▶ [Task brief] Show only those lines of the entries where the string "please" is found.

▶ [Material to process]
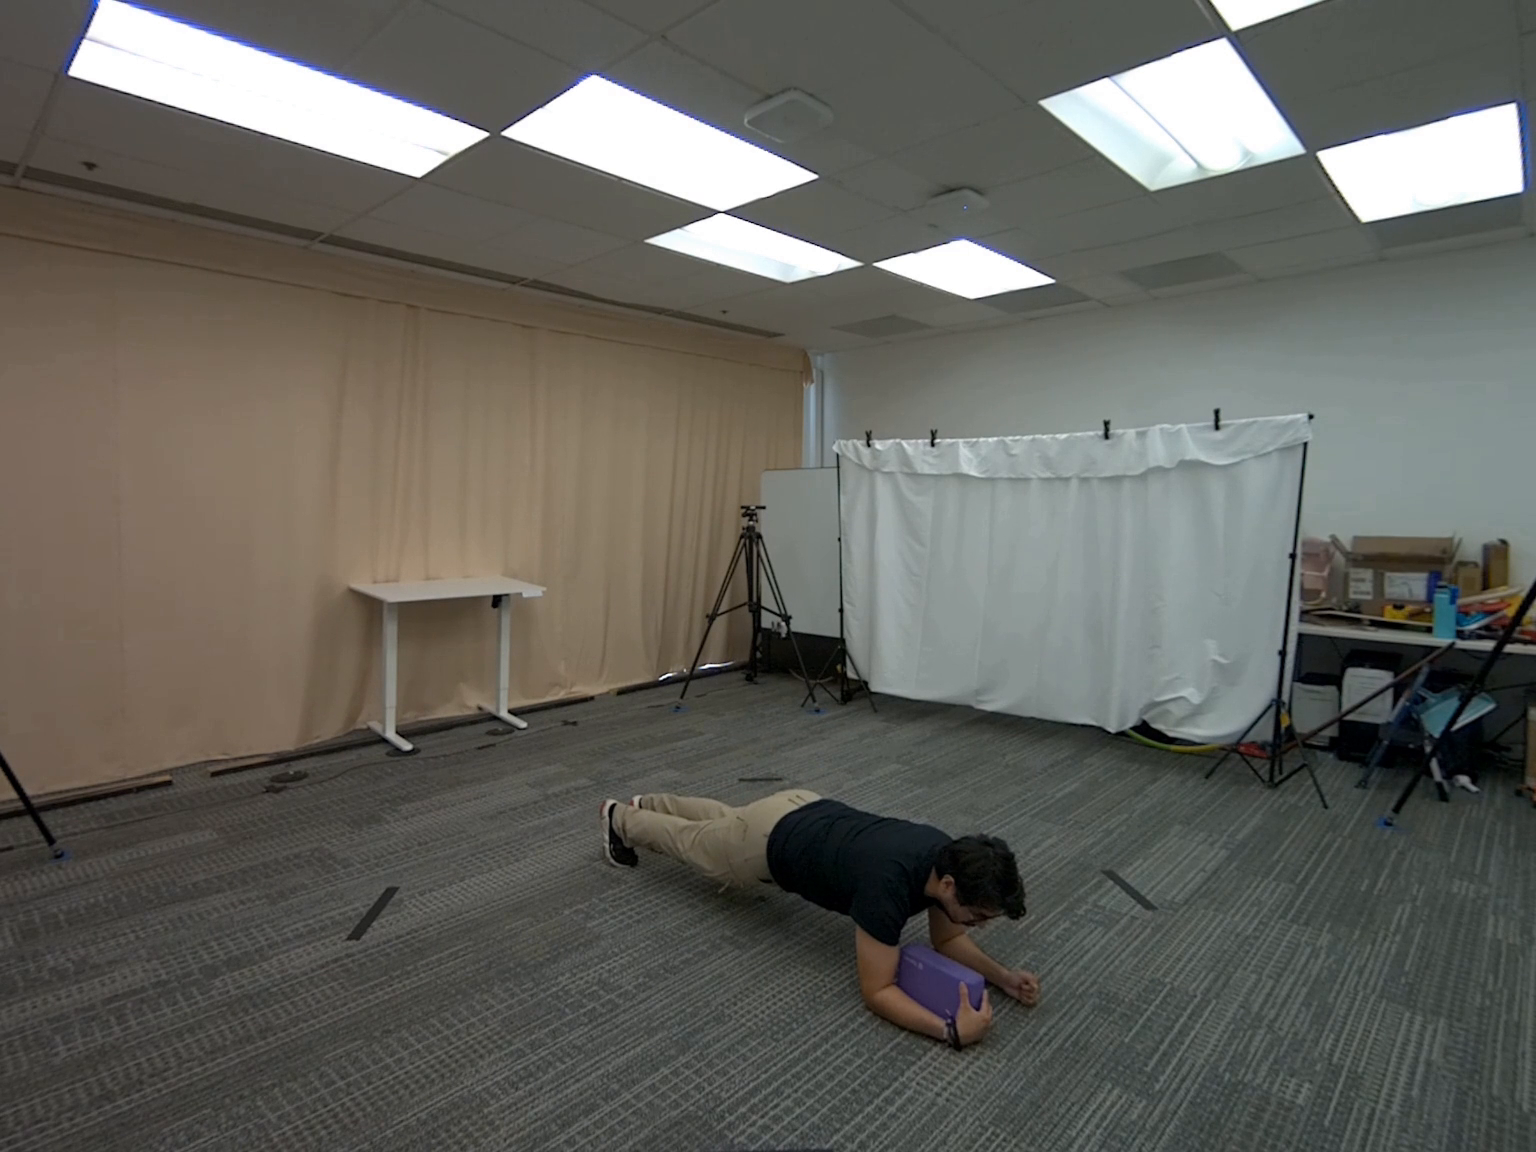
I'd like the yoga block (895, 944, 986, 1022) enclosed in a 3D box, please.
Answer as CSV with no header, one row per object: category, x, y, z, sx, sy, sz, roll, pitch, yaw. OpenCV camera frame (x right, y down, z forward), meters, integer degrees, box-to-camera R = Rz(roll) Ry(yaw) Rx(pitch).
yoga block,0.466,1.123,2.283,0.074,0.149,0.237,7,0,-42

---

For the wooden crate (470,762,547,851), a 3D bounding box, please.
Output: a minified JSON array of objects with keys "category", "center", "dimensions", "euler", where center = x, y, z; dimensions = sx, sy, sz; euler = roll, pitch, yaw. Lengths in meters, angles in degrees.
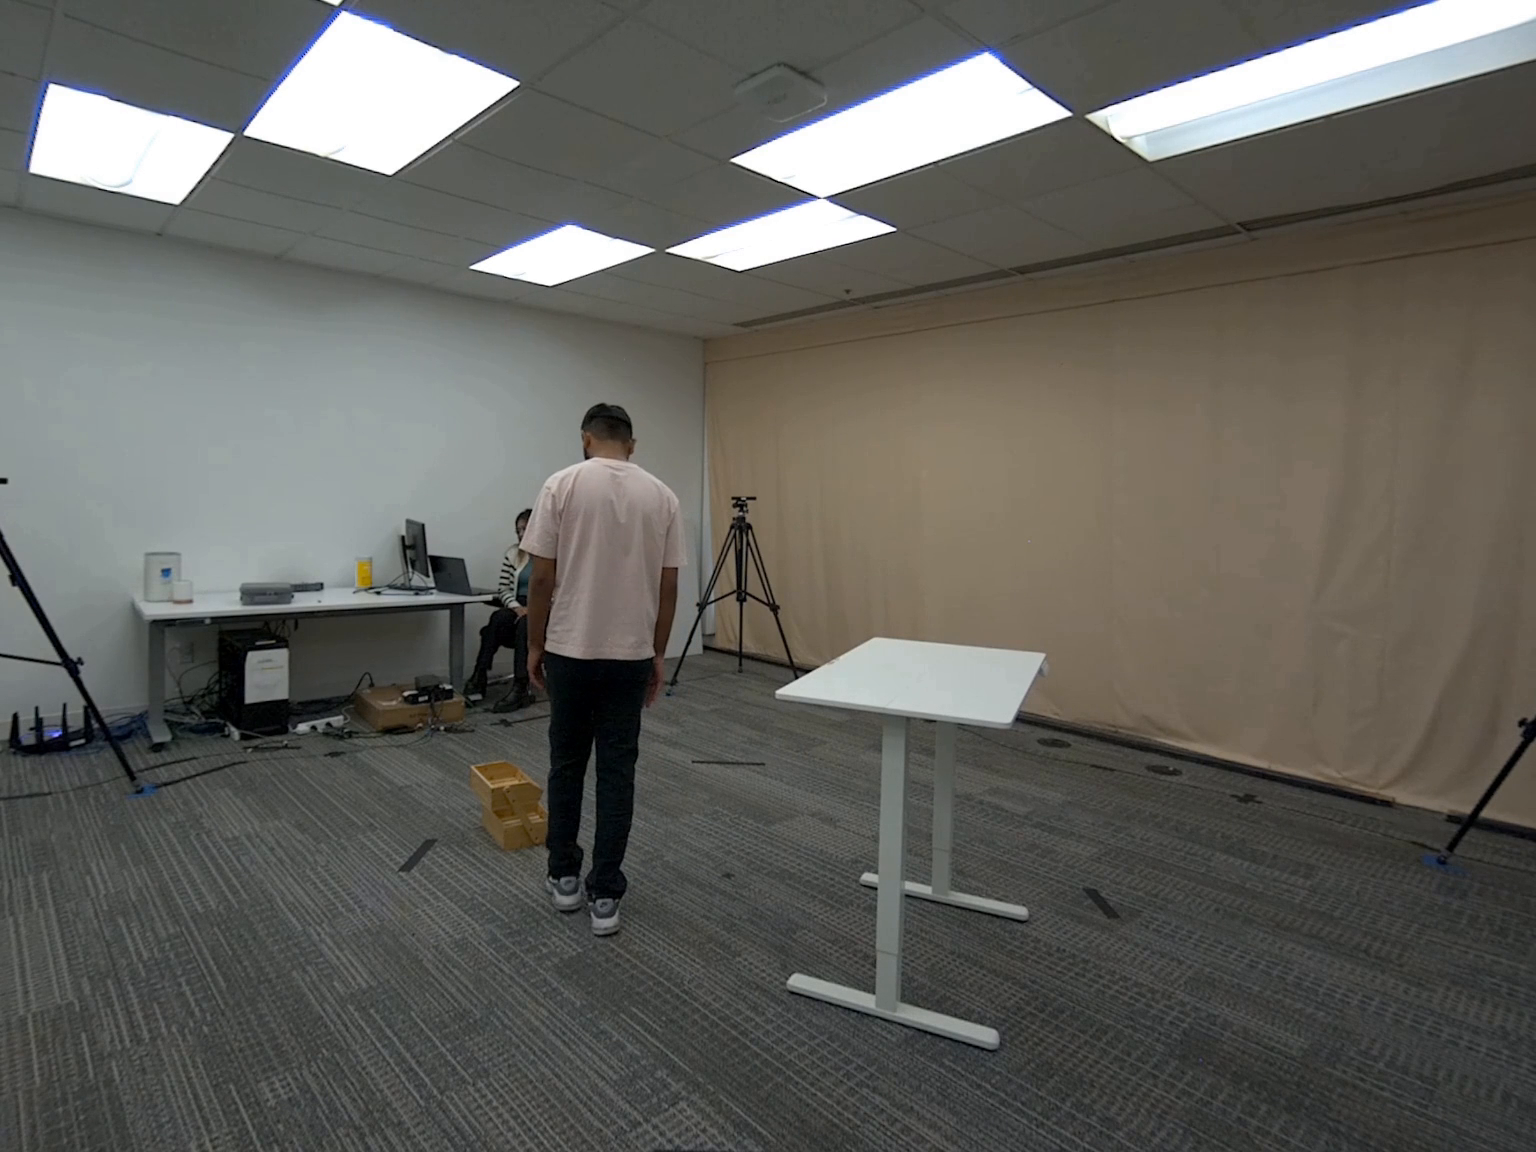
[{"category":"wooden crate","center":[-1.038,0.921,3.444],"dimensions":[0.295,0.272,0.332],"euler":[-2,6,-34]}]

* * *

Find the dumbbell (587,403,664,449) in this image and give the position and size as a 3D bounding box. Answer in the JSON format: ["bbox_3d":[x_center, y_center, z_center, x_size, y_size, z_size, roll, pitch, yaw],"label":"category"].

▶ [Exercise response]
I'd like the yoga block (895, 944, 986, 1022) enclosed in a 3D box, please.
For the wooden crate (470,762,547,851), a 3D bounding box, please.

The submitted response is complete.